After some thought, I called Wilson Douglas, whose voice sounded “robotic,” like someone singing through an electric shaver. He said he had to talk through one of those little buzz boxes because he had lost his vocal chords to throat cancer several years ago. I asked him what he remembered about Ed coming to Laury Hicks’ house and he repeated a lot of what I had already read.

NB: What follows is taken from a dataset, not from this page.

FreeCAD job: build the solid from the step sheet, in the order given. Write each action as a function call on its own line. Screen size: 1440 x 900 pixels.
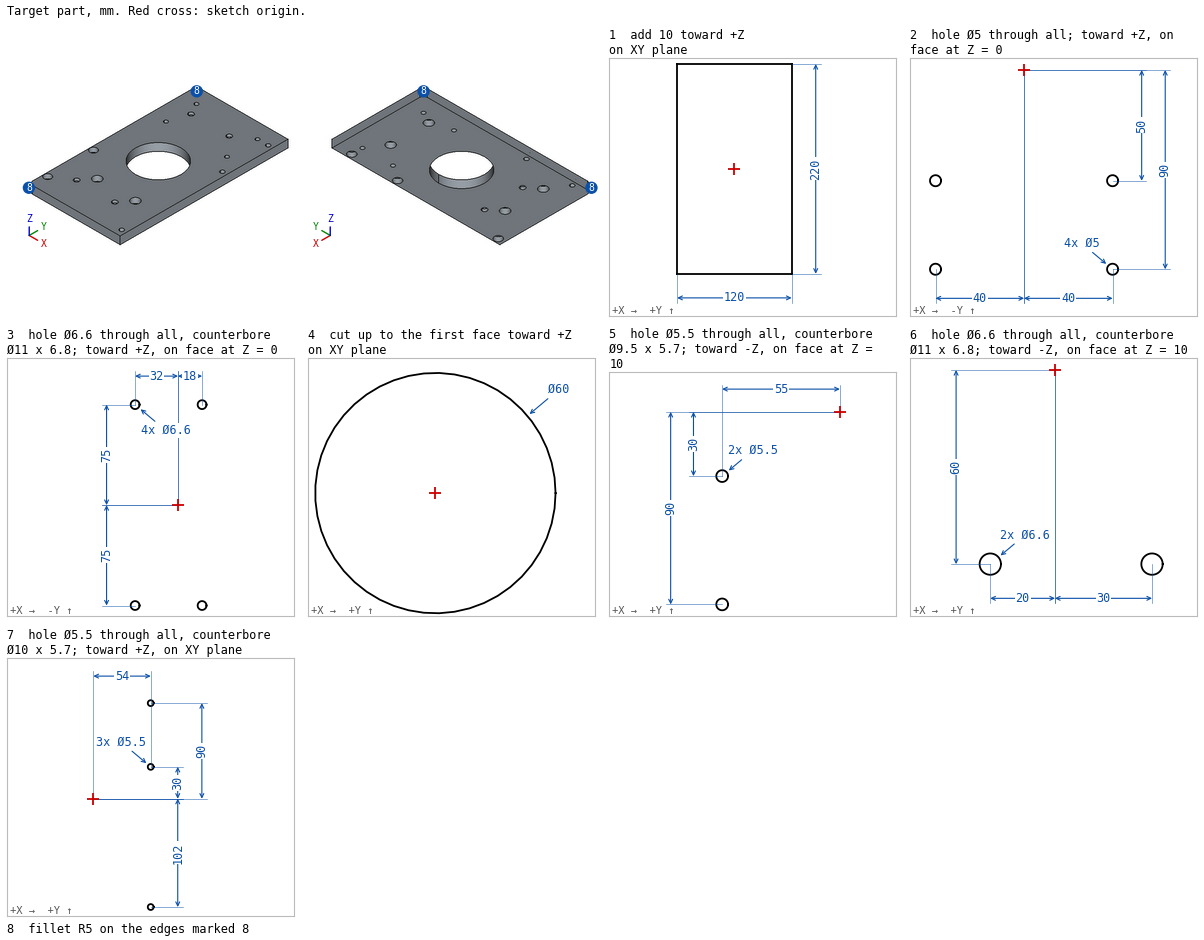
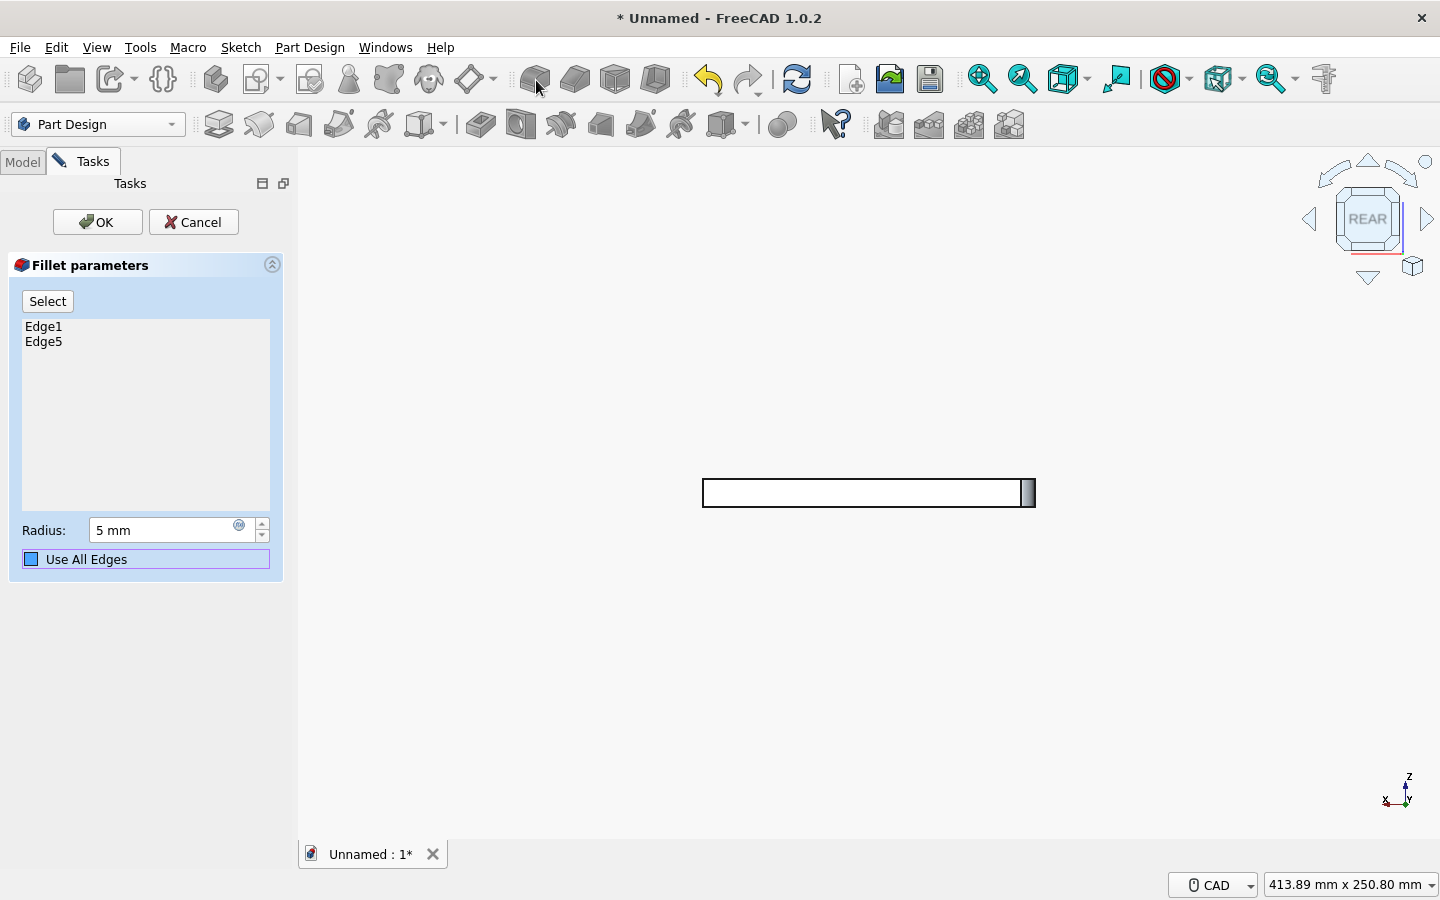
click(98, 222)

“Well now that’s a pretty long story,” Wilson began. “I knew him way back in ’38, ’39. As you know, he was a resident of Ashland, Kentucky, and he was born in Logan County, West Virginia. Well, he would come up to Ivydale, West Virginia, by train and then he would ride over on up into Calhoun County with the mail carrier. And he would get a ride with somebody over to Laury Hicks’, like with an old gentleman who used to be a country doctor, Dr. White. And while he was up in Calhoun County and Clay County, we’d go ever night — if we could get there anyway — and he’d play that fiddle about four or five hours at a time. Well, he’d go back to Ashland and stay a couple of months. I guess he was playing somewhere around in Kentucky. And then along in the fall he’d come back and maybe stay a month and then he’d catch the train to Logan County.”

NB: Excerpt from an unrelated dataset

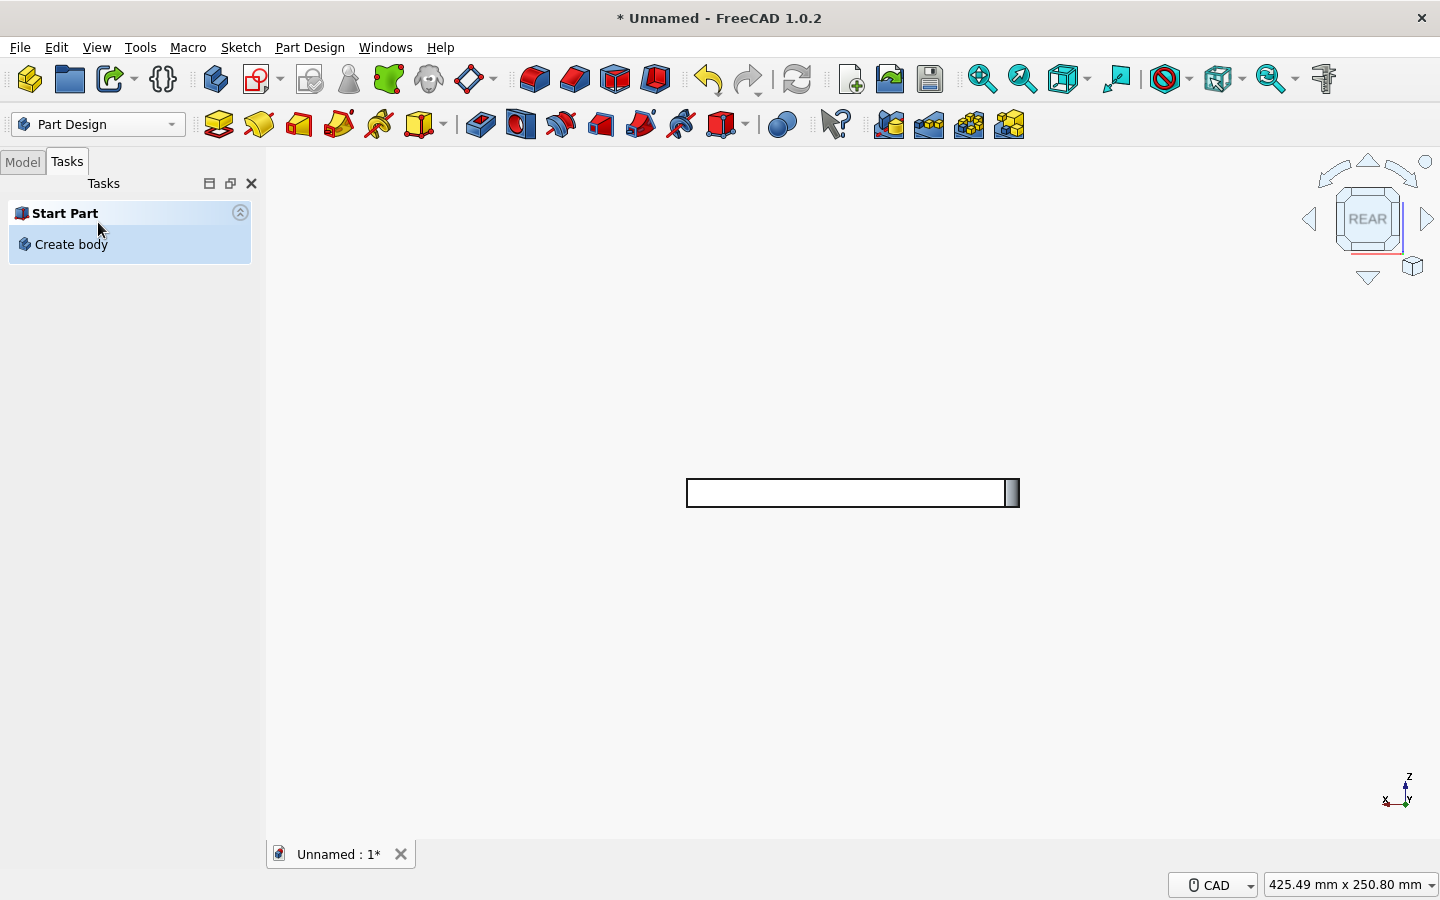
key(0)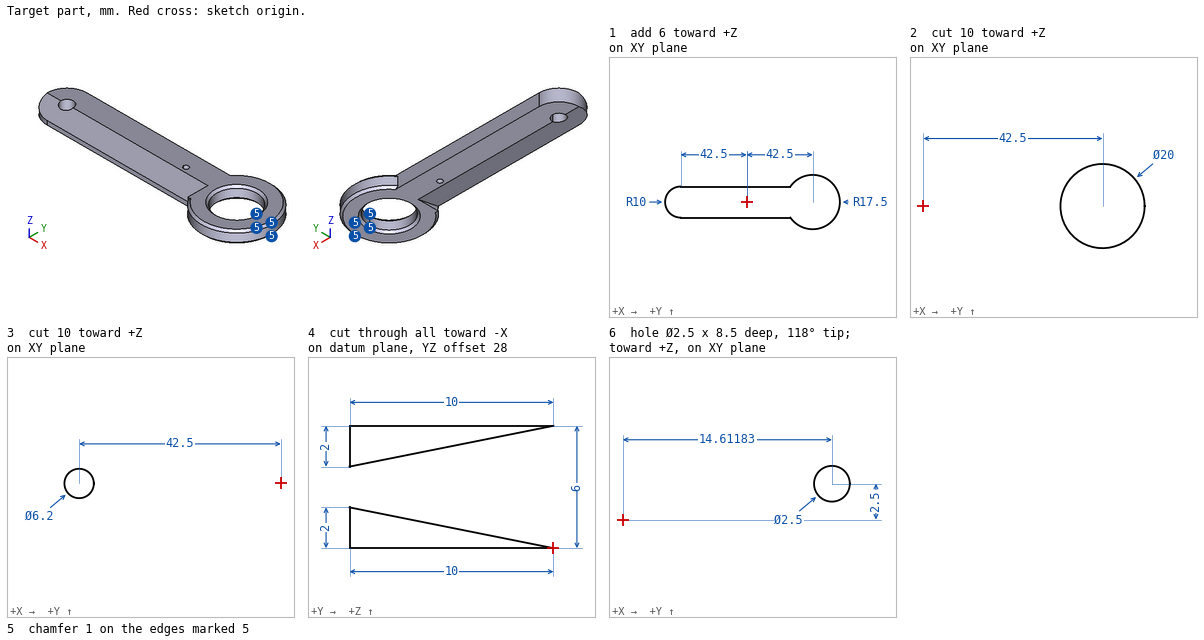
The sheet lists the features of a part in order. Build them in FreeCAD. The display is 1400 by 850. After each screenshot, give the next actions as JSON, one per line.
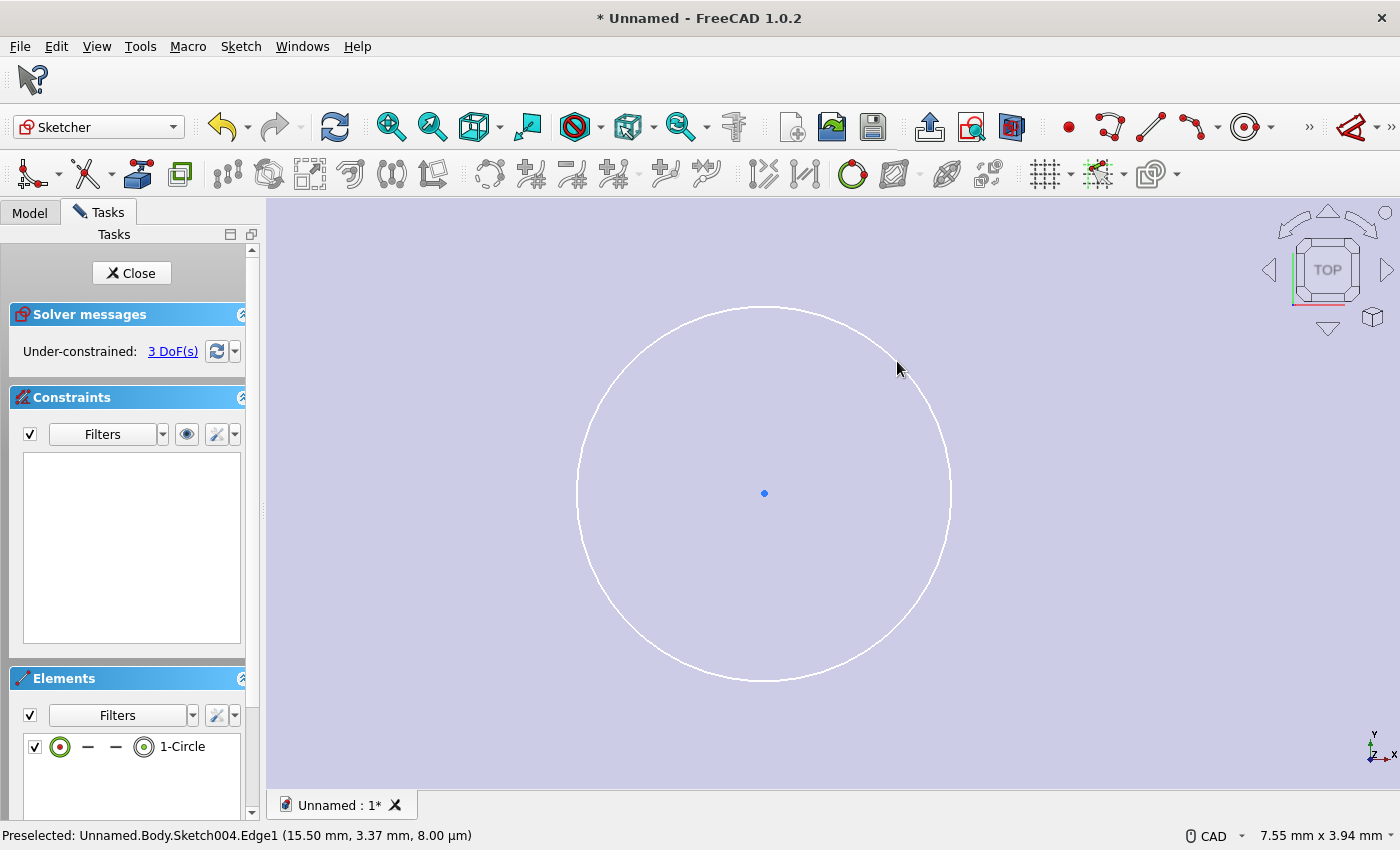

I asked Wilson if he played a lot with Ed and he said, “Oh, well. No, I didn’t play a lot with him. I was just beginning to fiddle, you know, and he was my idol of a fiddler player. He mostly inspired me to fiddle, him and David French Carpenter of Clay County, West Virginia. I’m going to tell you, that there album [Parkersburg Landing] don’t give him credit.”

I asked Wilson if he remembered any of Ed’s tunes and he said, “Oh god, he played all the old tunes. Well, as you know, they all played the ‘Billy in the Lowground’, the ‘Tennessee Wagner’. I play one of Haley’s tunes: he called it the ‘Morning Flower’. Played in the key of A. I’ll have to think. Well, as you know, he called the ‘Stony Point’, the ‘Gilroy’. I learned that off of him. You know, all these tunes has got four or five different titles. And I played a little bit of his ‘Devil’s Dream’. He would play that to get warmed up.”

Did you ever hear him play “Blackberry Blossom”? I asked.

“Oh, by god yeah,” he said. “I remember him playing that. You know, Ed Haley told me he could hear a tune twice and play it, and I believe it.”

I said to Wilson, “Now, Ed Haley improvised a lot, didn’t he? Like take a tune and play it different kinda ways.”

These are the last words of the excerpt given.